A giant filament has appeared on the surface of the sun — and NASA's Solar Dynamics Observatory has captured images of the long, dark formation.
Straightened out, the serpentine filament would measure about 1 million miles from end to end, stretching close to halfway around the sun.
Filaments are enormous clouds of plasma suspended above the surface by magnetic field lines. (Though they look dark, it's just because they're backlit by the sun; they're actually the same thing as the bright solar prominences that arch out from the sun's edge.)
These features don't last forever — and when they go, they end in a violent eruption of solar particles.
"That's one of the coolest things about a filament — when it finally lifts off and you'll see these million-mile things just rip off the surface of the sun," said astrophysicist Dean Pesnell, project scientist for the Solar Dynamics Observatory.

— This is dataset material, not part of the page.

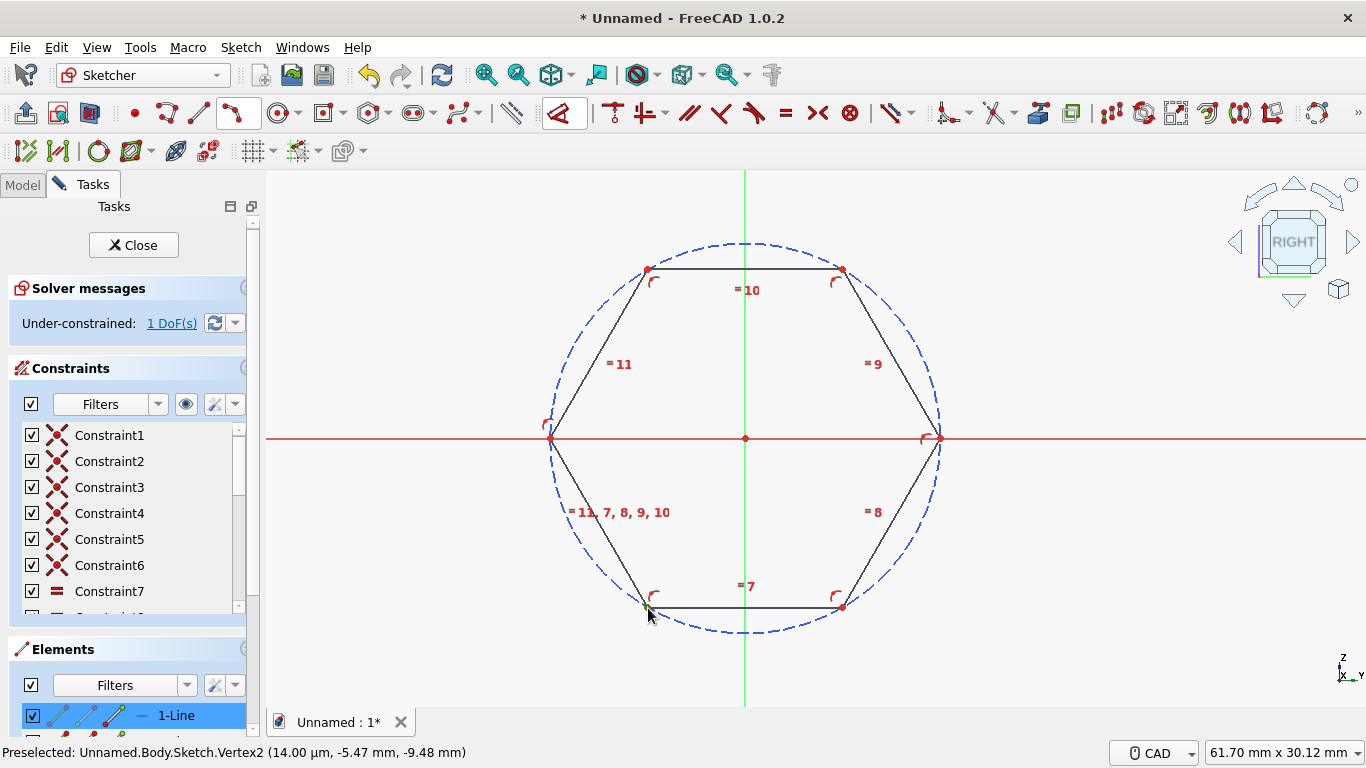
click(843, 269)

These eruptions are called coronal mass ejections. If they're strong enough and speeding straight toward Earth, they cause geomagnetic storms that can damage satellites in orbit. In rarer instances, they can even cause power outages on the ground.
A coronal mass ejection is different from a solar flare, the bright flash when a bit of magnetic field is converted to radiation, including light and heat. (The Solar Dynamics Observatory has released a video of an M-class flare captured in action Thursday.)
Coronal mass ejections do occur by themselves, but many are linked to flares. As a flare flashes and a bit of magnetic field comes undone, this can trigger a nearby filament (or prominence) to erupt as a CME.
Sometimes those flares don't even need to be nearby, Pesnell said.
"A flare will happen on one side of the sun, and a wave will propagate from that flare and hit a prominence on another end of the sun, and disrupt it so much that the filament will erupt," Pesnell said. "Those are the cool ones."
The sun's dynamics are so complex that exactly when and why these filaments erupt so dramatically from the surface remains something of a mystery.
"We'd love to understand that — and we're getting better at it," Pesnell said. "[We've gone] from 16 theories to about nine. So we're making progress."
Such filaments can hover above the sun's surface for weeks, Pesnell said. That's especially true now, given that the sun is starting to wind down from the solar maximum in its 11-year cycle.
"The sun is going to go bland again," Pesnell said.
A quieter sun means those filaments can persist for longer, undisturbed.
"Until that magnetic field is destabilized, they'll just hang out," Pesnell said.
This filament has been around for about a month, Pesnell said, and it's unlikely it will reach the two-month mark. When it does finally go, it'll provide the researchers with a stunning coronal mass ejection.
"It'll be a nice CME," Pesnell said. "It'll start at one end, and the whole thing will just lift off."